DISCIPLINA: METODOLOGIA DE PROJETOS

PROFESSOR(A): CHEILA DA SILVA

FICHAMENTO DESTAQUES/ REFERENTE DE OBRA CIENTIFICA

1 Nome do autor do fichamento:

PELISOLI, Cátula da Luz. DELL` AGLIO, Débora Dalbosco. HERMAN, Steve.

2 Obra/ artigo/ ensaio em fichamento:

A Psicologia Jurídica e as suas interfaces: um panorama atual

3 Especificação do referente utilizado:

Abuso sexual contra crianças e adolescentes.

4 Resumo da obra:

CAPÍTULO 6 – Sete erros na avaliação de situações de abuso sexual contra crianças e


adolescentes.

“O abuso sexual é definido pela World Health Organization (WHO) como comportamento de
um perpetrador, homem ou mulher, que submeta a criança ou adolescente à atividade de
cunho sexual para a qual a vítima não pode consentir (WHO, 2006). A criança ou adolescente
vítima não compreende as ações às quais está sendo submetida e não está preparada nem em
termos de seu desenvolvimento físico tampouco em termos de seu desenvolvimento
psicológico. O abuso sexual é definido a partir de um espectro ampliado de comportamentos
que podem ou não envolver contato físico entre agressor e vítima. Práticas voyeuristas e
exibicionistas, sejam ao vivo ou on-line, por exemplo, não envolvem contato físico, mas são
claramente práticas inadequadas para crianças e adolescentes, com prejuízos potenciais para
tais vítimas. Comportamentos que envolvem contato físico também podem ser abusivos, como
toques e carícias no corpo com intenção sexual. (p. 106)

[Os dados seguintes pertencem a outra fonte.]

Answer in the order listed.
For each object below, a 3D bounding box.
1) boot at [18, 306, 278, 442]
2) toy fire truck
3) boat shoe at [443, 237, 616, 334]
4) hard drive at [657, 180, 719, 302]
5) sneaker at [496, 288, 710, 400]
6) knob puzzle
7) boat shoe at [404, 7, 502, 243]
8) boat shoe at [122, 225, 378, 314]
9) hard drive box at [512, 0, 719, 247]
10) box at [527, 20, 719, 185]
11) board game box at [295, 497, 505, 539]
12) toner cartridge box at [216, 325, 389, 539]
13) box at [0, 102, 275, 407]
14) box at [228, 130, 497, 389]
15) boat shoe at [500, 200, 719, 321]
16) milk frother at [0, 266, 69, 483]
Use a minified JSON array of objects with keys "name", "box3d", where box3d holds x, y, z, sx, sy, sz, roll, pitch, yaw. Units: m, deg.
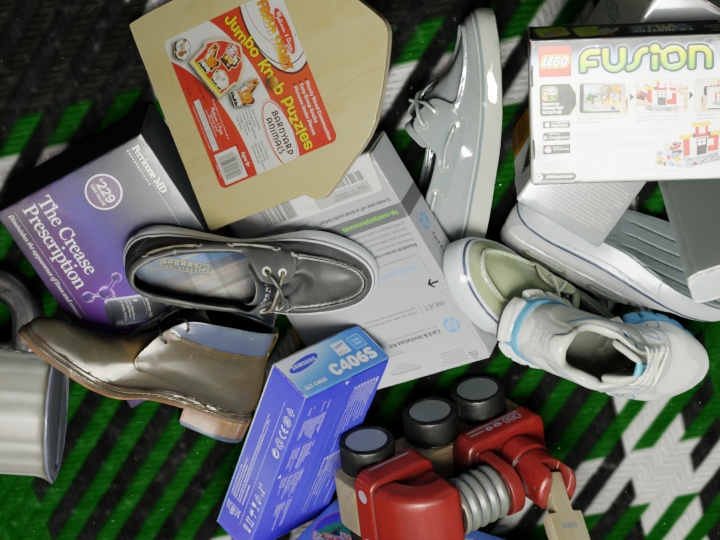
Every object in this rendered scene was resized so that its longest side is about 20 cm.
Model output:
[{"name":"boot","box3d":[-0.162,0.054,1.591,0.200,0.075,0.097,24,104,-19]},{"name":"toy fire truck","box3d":[0.101,0.198,1.630,0.176,0.200,0.129,-22,120,-28]},{"name":"boat shoe","box3d":[0.147,0.026,1.618,0.062,0.072,0.200,-17,143,40]},{"name":"hard drive","box3d":[0.301,-0.045,1.536,0.132,0.200,0.026,-18,112,10]},{"name":"sneaker","box3d":[0.204,0.071,1.578,0.200,0.087,0.075,10,101,-34]},{"name":"knob puzzle","box3d":[-0.060,-0.149,1.559,0.219,0.030,0.220,4,100,21]},{"name":"boat shoe","box3d":[0.071,-0.109,1.585,0.071,0.070,0.201,1,118,-5]},{"name":"boat shoe","box3d":[-0.085,0.005,1.564,0.200,0.066,0.070,9,113,-5]},{"name":"hard drive box","box3d":[0.200,-0.140,1.522,0.077,0.156,0.200,30,111,-10]},{"name":"box","box3d":[0.219,-0.119,1.427,0.200,0.035,0.110,-1,113,4]},{"name":"board game box","box3d":[0.048,0.255,1.679,0.200,0.134,0.045,16,115,20]},{"name":"toner cartridge box","box3d":[-0.049,0.140,1.657,0.043,0.095,0.200,44,136,24]},{"name":"box","box3d":[-0.177,-0.011,1.635,0.141,0.079,0.200,-29,110,11]},{"name":"box","box3d":[0.000,0.000,1.626,0.156,0.041,0.200,-19,113,33]},{"name":"boat shoe","box3d":[0.207,-0.010,1.637,0.200,0.074,0.067,30,137,-10]},{"name":"milk frother","box3d":[-0.341,0.097,1.622,0.188,0.200,0.181,3,110,0]}]
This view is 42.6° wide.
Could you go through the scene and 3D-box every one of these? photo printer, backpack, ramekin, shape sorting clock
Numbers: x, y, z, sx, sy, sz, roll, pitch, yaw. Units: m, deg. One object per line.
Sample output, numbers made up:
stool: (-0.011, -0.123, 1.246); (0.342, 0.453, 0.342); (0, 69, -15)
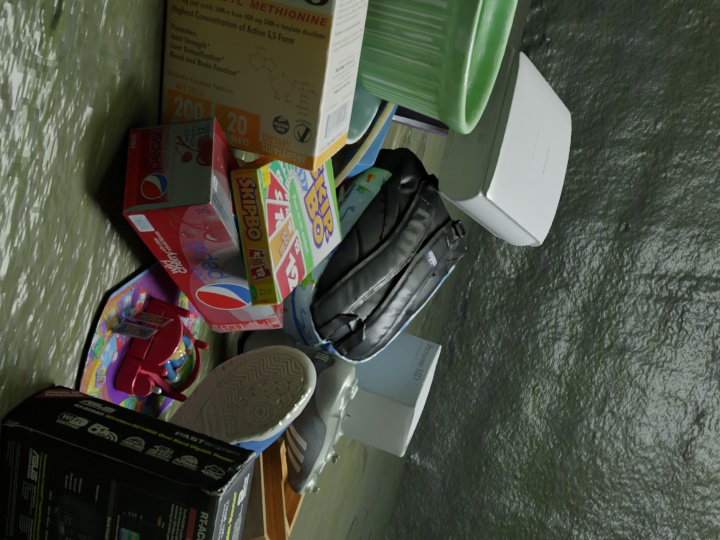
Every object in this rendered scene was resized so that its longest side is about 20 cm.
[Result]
photo printer: (0.163, -0.122, 0.986); (0.199, 0.068, 0.170); (28, 74, -56)
backpack: (0.000, 0.000, 0.946); (0.164, 0.152, 0.202); (53, 52, -37)
ramekin: (0.065, -0.219, 0.731); (0.200, 0.096, 0.204); (16, 90, -78)
shape sorting clock: (-0.011, -0.151, 0.935); (0.201, 0.039, 0.202); (-50, -157, 30)

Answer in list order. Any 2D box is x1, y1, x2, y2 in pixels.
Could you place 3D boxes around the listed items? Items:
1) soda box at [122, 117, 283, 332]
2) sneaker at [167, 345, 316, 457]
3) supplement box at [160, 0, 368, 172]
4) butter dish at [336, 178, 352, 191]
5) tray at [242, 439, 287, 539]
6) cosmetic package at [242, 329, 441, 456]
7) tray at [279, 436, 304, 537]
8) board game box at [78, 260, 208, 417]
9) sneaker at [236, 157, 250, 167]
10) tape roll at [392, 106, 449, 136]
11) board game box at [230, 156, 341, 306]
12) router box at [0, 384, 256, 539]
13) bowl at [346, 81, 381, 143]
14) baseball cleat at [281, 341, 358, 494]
soda box: (-0.109, -0.025, 0.686); (0.201, 0.062, 0.071); (72, 14, -61)
sneaker: (-0.118, 0.146, 0.795); (0.199, 0.077, 0.111); (-42, 164, -9)
supplement box: (-0.062, -0.185, 0.627); (0.074, 0.124, 0.203); (-49, 152, -59)
butter dish: (0.010, -0.039, 1.098); (0.201, 0.145, 0.203); (-62, 163, -47)
tray: (-0.102, 0.211, 0.906); (0.201, 0.036, 0.100); (-104, 179, -53)
cosmetic package: (-0.022, 0.109, 1.014); (0.113, 0.196, 0.082); (-62, 165, -51)
tray: (-0.087, 0.219, 1.144); (0.201, 0.036, 0.100); (-66, 150, -58)
board game box: (-0.154, 0.070, 0.738); (0.200, 0.038, 0.161); (-49, 153, -62)
sneaker: (-0.096, -0.029, 0.814); (0.081, 0.075, 0.201); (-60, 163, -19)
tape roll: (0.080, -0.200, 1.082); (0.200, 0.197, 0.067); (-16, 122, -76)
board game box: (-0.051, -0.049, 0.728); (0.200, 0.029, 0.097); (-56, 140, -71)
router box: (-0.160, 0.193, 0.609); (0.062, 0.147, 0.204); (-44, 149, -67)
bowl: (-0.032, -0.217, 0.772); (0.201, 0.103, 0.205); (16, 90, -78)
baseball cleat: (-0.062, 0.145, 0.944); (0.070, 0.105, 0.202); (-51, 166, -49)

No Brasil, a Lei 12.015, de 07 de agosto de 2009, alterou o Código Penal de 1940,


atualizando as classificações para os crimes contra a liberdade sexual (BRASIL, 2009).
Atualmente, portanto, é considerado “estupro”: [...]a) Art. 218: “induzir alguém menor de 14
anos a satisfazer a lascívia de outrem”. Por sua vez, o “estupro de vulnerável” inclui: a) Art.
217: “ter conjunção carnal ou praticar outro ato libidinoso com menor de 14 anos”; b) Art.
218A: “praticar, na presença de alguém menor de 14 (catorze) anos, ou induzi-lo a presenciar,
conjunção carnal ou outro ato libidinoso, a fim de satisfazer lascívia própria ou de outrem”; c)
Art. 218B: “submeter, induzir ou atrair à prostituição ou outra forma de exploração sexual
alguém menor de 18 (dezoito) anos ou que, por enfermidade ou deficiência mental, não tem o
necessário discernimento para a prática do ato, facilitá-la, impedir ou dificultar que a
abandone” (BRASIL, 2009). (p. 106)

Percebe-se, portanto, que a legislação nacional trata do tema definindo o que é


tecnicamente chamado ‘abuso sexual’ como ‘ato libidinoso’ ou ‘conjunção carnal’. Tais
expressões merecem esclarecimentos. Ato libidinoso é diverso de afetividade. Diz respeito à
saciação da luxúria e da lascívia humanas, essas compreendidas como o apego a prazeres
carnais, sexualidade e condutas que se distanciam da moralidade. (p. 107)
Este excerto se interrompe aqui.